Both cases also require hammering out details about witnesses who can be called. In Manning’s case, for example, some witnesses’ names have been redacted from the motion and are considered to be classified as secret. At Guantanamo Bay, the issue involves whether the defense is required to give the prosecution a heads up about what testimony the witnesses it calls are likely to provide –something the government would weigh in deciding whether to fly a witness to the court.
Meanwhile, Army Col. Denise Lind, the judge hearing he Manning case, ordered the prosecution yesterday to release hundreds of emails about his incarceration to the defense team. Lind’s ruling covered all but 12 of about 600 emails regarding a range of issues: from Manning’s visitor list and provisions to ensure he had proper uniforms to plans for responding to protesters and media queries. These emails, added to ones already in the possession of Manning’s defense attorneys, bring to 1,200 the total number of emails that will presumably be used to argue that their client was treated illegally.
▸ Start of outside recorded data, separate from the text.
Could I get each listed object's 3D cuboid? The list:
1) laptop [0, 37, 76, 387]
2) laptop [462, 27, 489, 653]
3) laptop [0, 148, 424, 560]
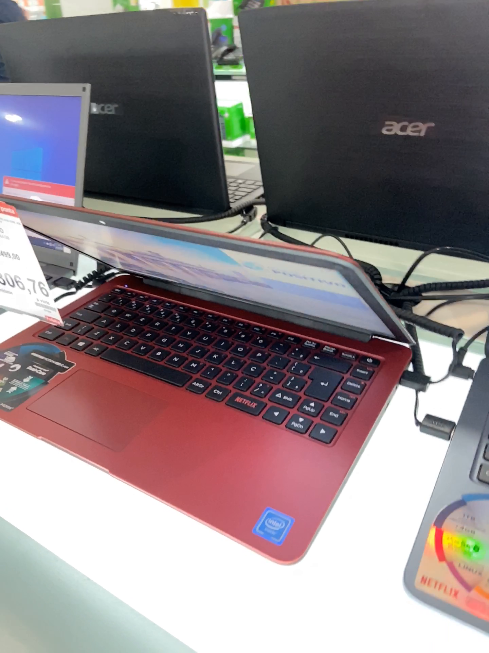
[{"bbox_3d":[-0.359,-0.158,0.529,0.234,0.159,0.287,18,38,14],"label":"laptop"},{"bbox_3d":[0.306,0.019,0.196,0.385,0.207,0.278,15,38,25],"label":"laptop"},{"bbox_3d":[-0.063,-0.028,0.378,0.320,0.144,0.213,15,36,29],"label":"laptop"}]
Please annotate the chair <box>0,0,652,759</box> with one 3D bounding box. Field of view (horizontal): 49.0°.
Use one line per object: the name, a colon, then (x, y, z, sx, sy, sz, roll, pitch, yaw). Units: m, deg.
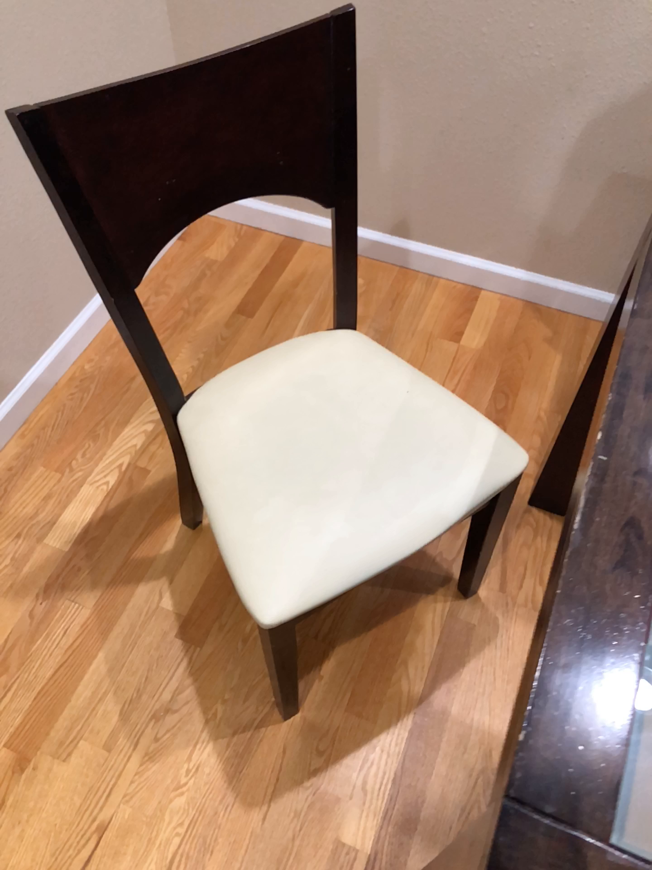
chair: (-0.048, -0.023, 1.040, 0.521, 0.906, 0.532, -26, 58, -18)
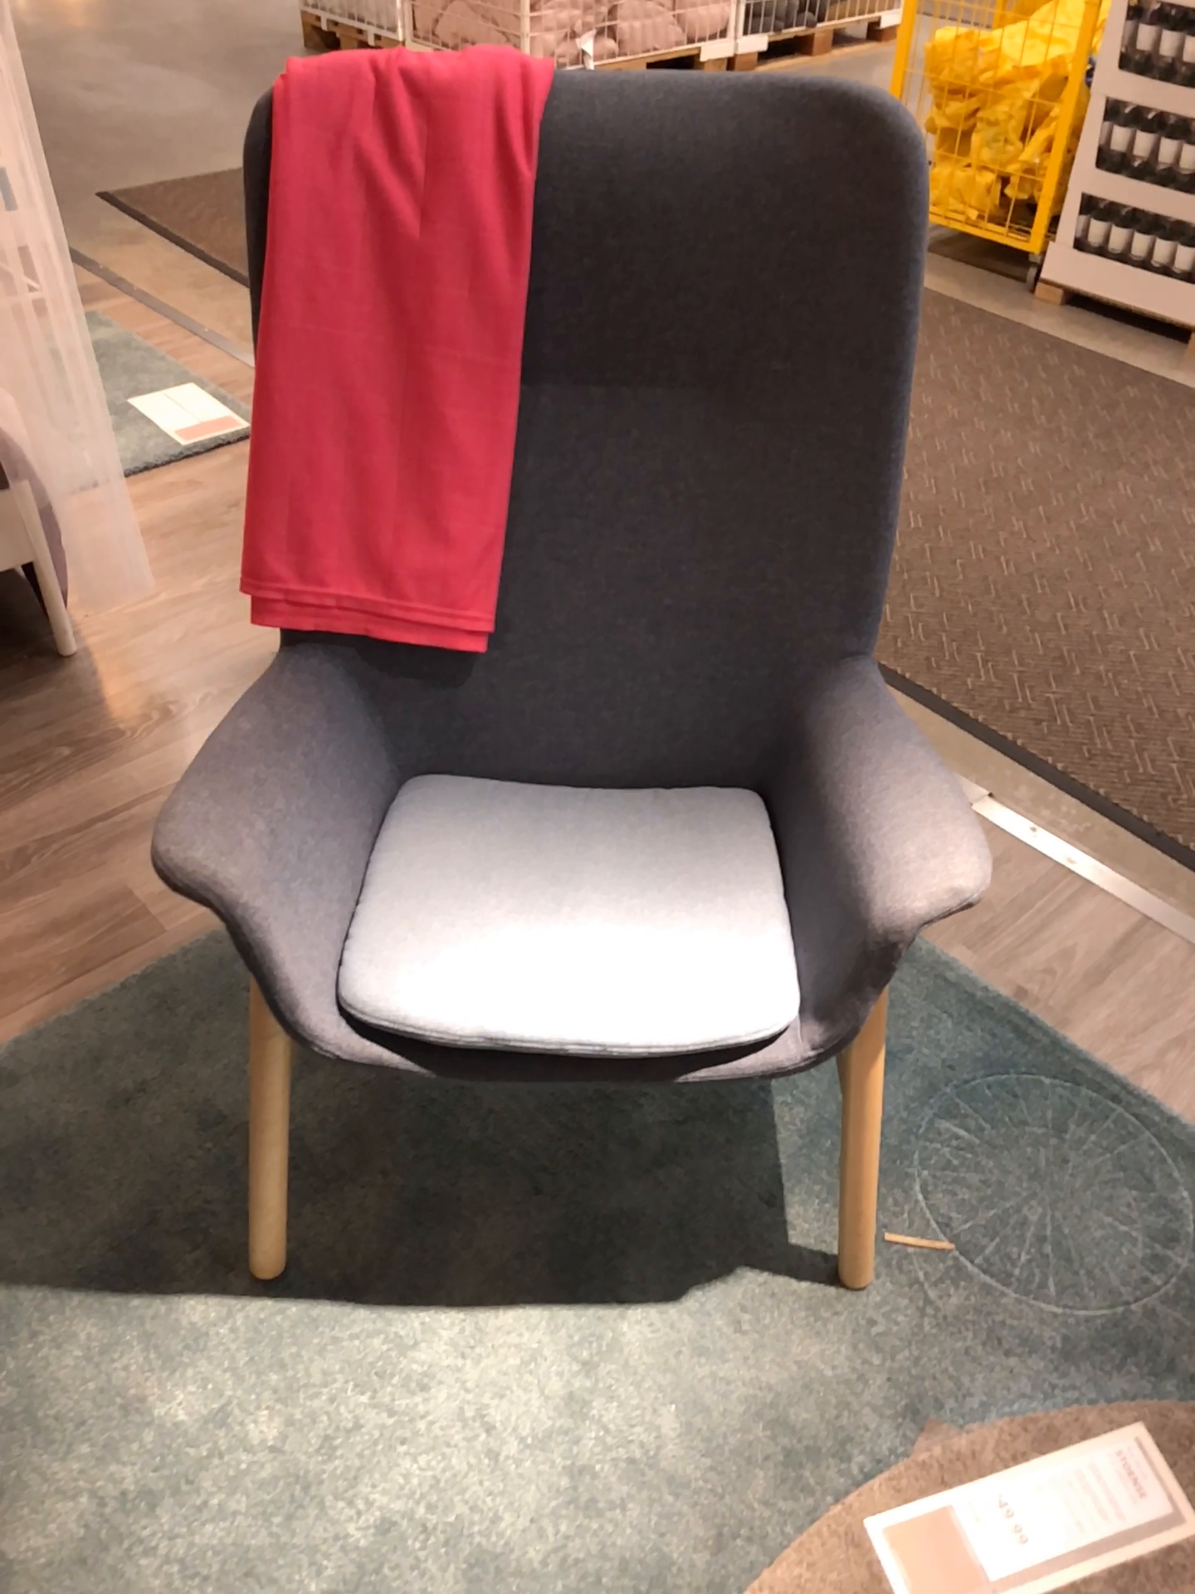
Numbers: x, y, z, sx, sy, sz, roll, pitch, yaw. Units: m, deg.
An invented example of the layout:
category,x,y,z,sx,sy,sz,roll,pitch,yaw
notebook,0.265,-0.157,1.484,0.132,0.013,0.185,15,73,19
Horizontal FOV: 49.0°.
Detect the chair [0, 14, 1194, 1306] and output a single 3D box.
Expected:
category,x,y,z,sx,sy,sz,roll,pitch,yaw
chair,-0.033,-0.100,1.259,0.790,0.996,0.703,1,40,-1
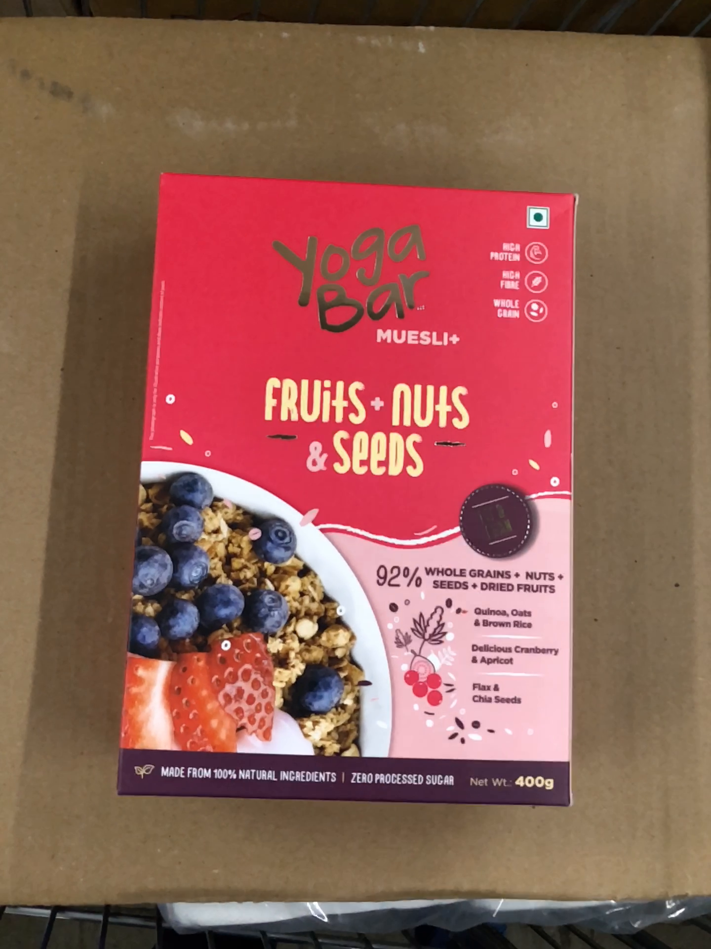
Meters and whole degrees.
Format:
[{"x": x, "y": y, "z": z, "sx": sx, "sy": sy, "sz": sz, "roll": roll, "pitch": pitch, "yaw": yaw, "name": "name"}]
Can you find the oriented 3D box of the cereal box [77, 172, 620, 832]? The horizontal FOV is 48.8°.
[{"x": 0.001, "y": 0.010, "z": 0.289, "sx": 0.170, "sy": 0.060, "sz": 0.210, "roll": 3, "pitch": 85, "yaw": -3, "name": "cereal box"}]

Lind also issued rulings that would allow parts of CIA, FBI and Department of Homeland Security documents used in the case to be redacted.
Ironically, the only concrete decision made during the 9/11 hearing today had nothing to do with the court proceedings. Rather, it involved the cleanup of administrative space the defense teams have complained are plagued with rat droppings and mold. Although base officials had declared them safe, a defense lawyer told Pohl the space is making her staff sick.
A Navy officer promised a comprehensive cleanup before the next series of pre-trial hearings, assuring the court that occupational health experts will verify that they they’re up to standards.